We surmised that the antibiofilm compound(s) gradually leaks from the wood into the medium prior to reaching the active antibiofilm concentration. To test this hypothesis, we boiled maple wood coupons in water, and added the aqueous extract to the growth medium containing poplar coupons. Maple wood extract induced dispersion of the EPS-biofilms initially formed on the poplar coupons by the EPS-synthesizing strain and dispersed EPS-dependent clumps (Figure 1B), thus supporting our hypothesis.
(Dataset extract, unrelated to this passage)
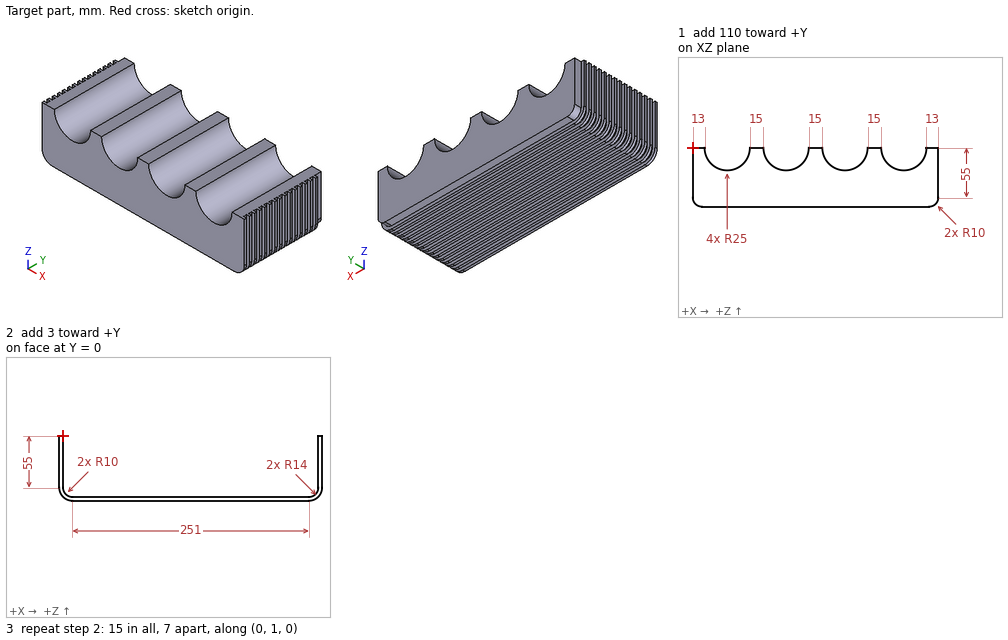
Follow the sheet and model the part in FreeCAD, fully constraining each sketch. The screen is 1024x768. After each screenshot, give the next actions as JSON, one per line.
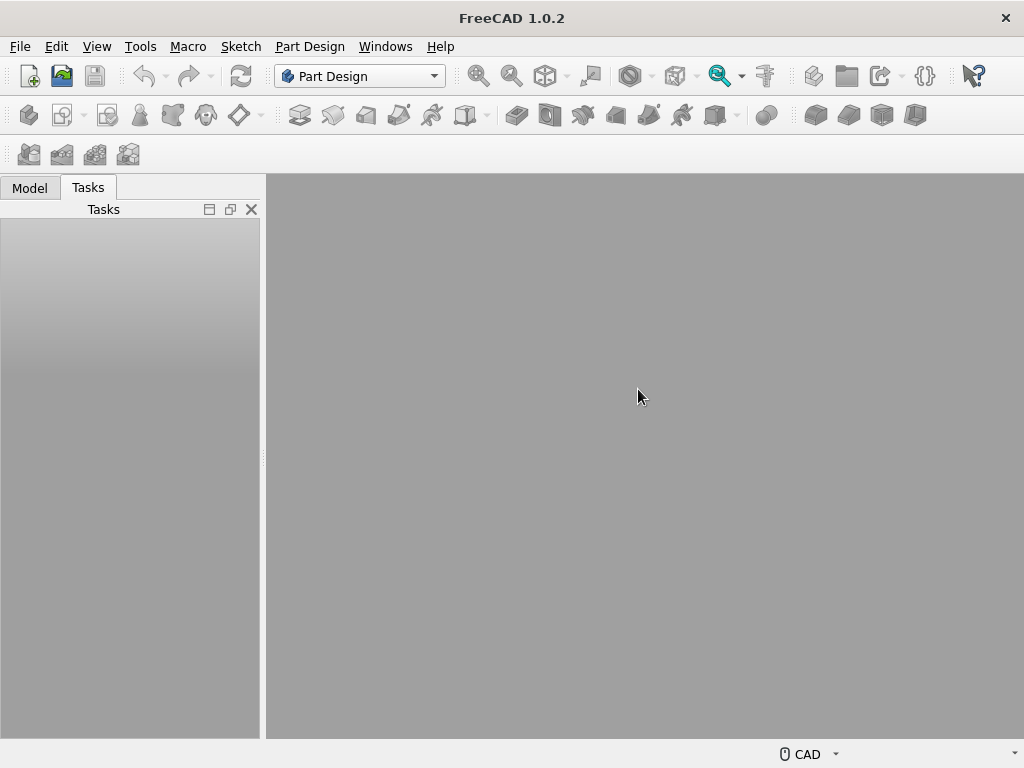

To investigate whether the EPS biofilm inhibitor is present in the wood or whether it is derived from hydrolysis of the insoluble lignocellulosic polymers, we compared the maximum activities of the aqueous extracts derived from maple wood coupons that were soaked in water at 90°C or at room temperature. We expected high temperature treatment to yield higher levels of the inhibitor if it was derived from hydrolysis. However, soaking wood coupons at different temperatures generated extracts with very similar final antibiofilm activity (Figure 1C), albeit the maximum concentration was reached faster when wood was soaked at 90°C. This result indicates that the antibiofilm compound(s) is present in the maple wood in the active form and likely slowly leaches out from the wood.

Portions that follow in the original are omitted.